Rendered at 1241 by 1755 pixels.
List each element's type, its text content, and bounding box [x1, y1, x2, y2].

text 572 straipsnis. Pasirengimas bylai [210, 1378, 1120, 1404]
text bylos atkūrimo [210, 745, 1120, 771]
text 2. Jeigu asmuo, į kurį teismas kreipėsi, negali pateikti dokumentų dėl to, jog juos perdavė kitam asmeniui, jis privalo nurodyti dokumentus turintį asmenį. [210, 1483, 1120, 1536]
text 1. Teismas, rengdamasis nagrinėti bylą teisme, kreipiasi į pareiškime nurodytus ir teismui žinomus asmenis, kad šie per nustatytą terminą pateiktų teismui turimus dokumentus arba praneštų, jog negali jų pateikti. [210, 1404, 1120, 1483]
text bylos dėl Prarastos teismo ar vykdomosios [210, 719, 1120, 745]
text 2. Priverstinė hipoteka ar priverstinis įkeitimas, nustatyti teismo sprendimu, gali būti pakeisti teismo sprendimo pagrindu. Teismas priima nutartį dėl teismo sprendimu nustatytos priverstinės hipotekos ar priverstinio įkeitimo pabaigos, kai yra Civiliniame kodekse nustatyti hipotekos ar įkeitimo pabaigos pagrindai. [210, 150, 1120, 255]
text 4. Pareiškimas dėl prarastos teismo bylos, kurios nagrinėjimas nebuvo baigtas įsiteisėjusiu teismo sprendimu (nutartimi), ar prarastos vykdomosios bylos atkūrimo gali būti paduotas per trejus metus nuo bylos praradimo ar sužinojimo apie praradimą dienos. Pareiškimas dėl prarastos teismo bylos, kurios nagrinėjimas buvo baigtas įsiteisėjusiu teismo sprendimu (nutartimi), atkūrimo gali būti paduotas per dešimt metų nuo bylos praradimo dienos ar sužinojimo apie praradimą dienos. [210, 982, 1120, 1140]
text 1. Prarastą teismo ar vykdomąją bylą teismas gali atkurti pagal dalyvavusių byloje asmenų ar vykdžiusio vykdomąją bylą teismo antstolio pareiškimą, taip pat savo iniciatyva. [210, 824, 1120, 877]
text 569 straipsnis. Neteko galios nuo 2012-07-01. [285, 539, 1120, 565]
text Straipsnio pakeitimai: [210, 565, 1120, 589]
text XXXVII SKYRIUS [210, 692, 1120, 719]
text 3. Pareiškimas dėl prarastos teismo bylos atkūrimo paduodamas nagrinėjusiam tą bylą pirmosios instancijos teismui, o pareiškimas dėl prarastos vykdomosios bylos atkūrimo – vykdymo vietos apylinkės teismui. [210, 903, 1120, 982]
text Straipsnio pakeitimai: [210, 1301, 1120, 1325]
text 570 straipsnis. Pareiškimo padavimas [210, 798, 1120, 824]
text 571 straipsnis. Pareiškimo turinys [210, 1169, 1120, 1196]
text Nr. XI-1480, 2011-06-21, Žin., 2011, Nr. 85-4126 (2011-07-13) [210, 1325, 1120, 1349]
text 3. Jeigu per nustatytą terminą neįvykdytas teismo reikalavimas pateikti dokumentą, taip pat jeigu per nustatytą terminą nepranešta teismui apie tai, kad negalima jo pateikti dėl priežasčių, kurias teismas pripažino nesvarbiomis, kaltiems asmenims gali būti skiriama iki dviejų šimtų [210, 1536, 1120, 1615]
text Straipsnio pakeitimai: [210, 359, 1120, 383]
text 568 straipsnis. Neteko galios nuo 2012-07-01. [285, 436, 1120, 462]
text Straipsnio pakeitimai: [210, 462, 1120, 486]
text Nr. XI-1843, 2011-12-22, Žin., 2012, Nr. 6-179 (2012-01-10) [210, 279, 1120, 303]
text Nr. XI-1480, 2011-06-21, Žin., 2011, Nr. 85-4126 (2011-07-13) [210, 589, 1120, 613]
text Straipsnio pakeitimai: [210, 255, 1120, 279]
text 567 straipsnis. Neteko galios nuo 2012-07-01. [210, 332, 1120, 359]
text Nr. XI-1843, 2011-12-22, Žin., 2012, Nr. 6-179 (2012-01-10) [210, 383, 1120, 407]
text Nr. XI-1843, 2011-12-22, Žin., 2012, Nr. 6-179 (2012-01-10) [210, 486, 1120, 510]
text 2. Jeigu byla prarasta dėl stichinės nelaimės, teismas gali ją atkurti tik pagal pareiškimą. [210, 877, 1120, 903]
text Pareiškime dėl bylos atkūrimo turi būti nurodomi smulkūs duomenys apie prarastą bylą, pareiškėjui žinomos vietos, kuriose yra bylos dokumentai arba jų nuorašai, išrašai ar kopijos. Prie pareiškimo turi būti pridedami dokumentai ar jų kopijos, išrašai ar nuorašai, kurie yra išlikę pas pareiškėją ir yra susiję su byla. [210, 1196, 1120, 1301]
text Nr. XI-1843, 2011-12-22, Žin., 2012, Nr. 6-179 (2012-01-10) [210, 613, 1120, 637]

────────────────────

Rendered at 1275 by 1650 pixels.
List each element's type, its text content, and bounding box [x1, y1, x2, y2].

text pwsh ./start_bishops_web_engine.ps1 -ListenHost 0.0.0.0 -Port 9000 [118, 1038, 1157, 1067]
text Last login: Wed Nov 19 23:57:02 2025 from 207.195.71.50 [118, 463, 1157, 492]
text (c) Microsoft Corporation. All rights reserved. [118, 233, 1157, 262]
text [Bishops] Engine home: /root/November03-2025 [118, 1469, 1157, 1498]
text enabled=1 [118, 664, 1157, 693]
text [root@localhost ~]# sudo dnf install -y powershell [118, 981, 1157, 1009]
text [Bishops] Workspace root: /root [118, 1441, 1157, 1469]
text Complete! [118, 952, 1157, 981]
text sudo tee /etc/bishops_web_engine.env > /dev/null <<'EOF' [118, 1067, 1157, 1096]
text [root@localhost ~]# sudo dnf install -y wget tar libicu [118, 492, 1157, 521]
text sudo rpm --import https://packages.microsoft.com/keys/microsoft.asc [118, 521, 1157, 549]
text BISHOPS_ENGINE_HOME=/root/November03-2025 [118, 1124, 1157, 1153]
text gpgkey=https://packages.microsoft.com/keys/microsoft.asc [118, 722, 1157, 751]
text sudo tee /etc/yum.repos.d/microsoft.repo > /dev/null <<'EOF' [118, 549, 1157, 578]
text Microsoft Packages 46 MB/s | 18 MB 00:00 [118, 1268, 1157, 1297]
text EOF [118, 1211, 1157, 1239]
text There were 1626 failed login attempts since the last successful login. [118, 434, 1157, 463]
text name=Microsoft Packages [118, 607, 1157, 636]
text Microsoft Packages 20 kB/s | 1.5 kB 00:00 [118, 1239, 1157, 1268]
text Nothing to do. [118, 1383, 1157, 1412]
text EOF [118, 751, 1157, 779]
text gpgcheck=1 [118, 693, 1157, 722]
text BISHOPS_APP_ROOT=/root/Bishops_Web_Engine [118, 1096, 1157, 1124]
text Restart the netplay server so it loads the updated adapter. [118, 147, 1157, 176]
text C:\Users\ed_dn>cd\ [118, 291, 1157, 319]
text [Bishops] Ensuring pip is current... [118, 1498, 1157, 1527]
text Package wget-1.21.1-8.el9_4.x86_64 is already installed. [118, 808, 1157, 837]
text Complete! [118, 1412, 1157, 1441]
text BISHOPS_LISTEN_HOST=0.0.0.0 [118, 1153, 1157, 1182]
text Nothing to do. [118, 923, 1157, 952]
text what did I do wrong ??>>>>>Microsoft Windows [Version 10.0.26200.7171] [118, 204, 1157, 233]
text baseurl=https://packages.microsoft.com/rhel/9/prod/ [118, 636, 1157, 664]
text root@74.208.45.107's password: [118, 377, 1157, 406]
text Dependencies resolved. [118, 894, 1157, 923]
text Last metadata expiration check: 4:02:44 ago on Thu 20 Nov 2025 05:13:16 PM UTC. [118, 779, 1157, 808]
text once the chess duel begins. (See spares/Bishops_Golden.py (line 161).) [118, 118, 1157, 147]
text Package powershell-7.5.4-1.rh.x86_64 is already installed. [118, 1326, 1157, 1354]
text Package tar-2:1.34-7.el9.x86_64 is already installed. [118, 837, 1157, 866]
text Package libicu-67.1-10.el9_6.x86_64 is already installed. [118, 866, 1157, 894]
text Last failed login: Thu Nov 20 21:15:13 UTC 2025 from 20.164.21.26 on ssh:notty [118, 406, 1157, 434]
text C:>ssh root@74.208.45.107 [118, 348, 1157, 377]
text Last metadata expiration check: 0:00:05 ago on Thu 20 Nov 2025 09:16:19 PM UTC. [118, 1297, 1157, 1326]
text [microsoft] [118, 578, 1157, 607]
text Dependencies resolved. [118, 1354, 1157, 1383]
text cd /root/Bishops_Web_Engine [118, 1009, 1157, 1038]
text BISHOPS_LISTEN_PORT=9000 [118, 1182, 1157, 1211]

────────────────────

■ Aim of the task
As listed above, the lines from the line with "Rendered at 1241 by 1755 pixels." to the line with "text 2. Priverstinė" are to be echoed exactly, with both ends included and nothing added.

■ Answer space
Rendered at 1241 by 1755 pixels.
List each element's type, its text content, and bounding box [x1, y1, x2, y2].

text 572 straipsnis. Pasirengimas bylai [210, 1378, 1120, 1404]
text bylos atkūrimo [210, 745, 1120, 771]
text 2. Jeigu asmuo, į kurį teismas kreipėsi, negali pateikti dokumentų dėl to, jog juos perdavė kitam asmeniui, jis privalo nurodyti dokumentus turintį asmenį. [210, 1483, 1120, 1536]
text 1. Teismas, rengdamasis nagrinėti bylą teisme, kreipiasi į pareiškime nurodytus ir teismui žinomus asmenis, kad šie per nustatytą terminą pateiktų teismui turimus dokumentus arba praneštų, jog negali jų pateikti. [210, 1404, 1120, 1483]
text bylos dėl Prarastos teismo ar vykdomosios [210, 719, 1120, 745]
text 2. Priverstinė hipoteka ar priverstinis įkeitimas, nustatyti teismo sprendimu, gali būti pakeisti teismo sprendimo pagrindu. Teismas priima nutartį dėl teismo sprendimu nustatytos priverstinės hipotekos ar priverstinio įkeitimo pabaigos, kai yra Civiliniame kodekse nustatyti hipotekos ar įkeitimo pabaigos pagrindai. [210, 150, 1120, 255]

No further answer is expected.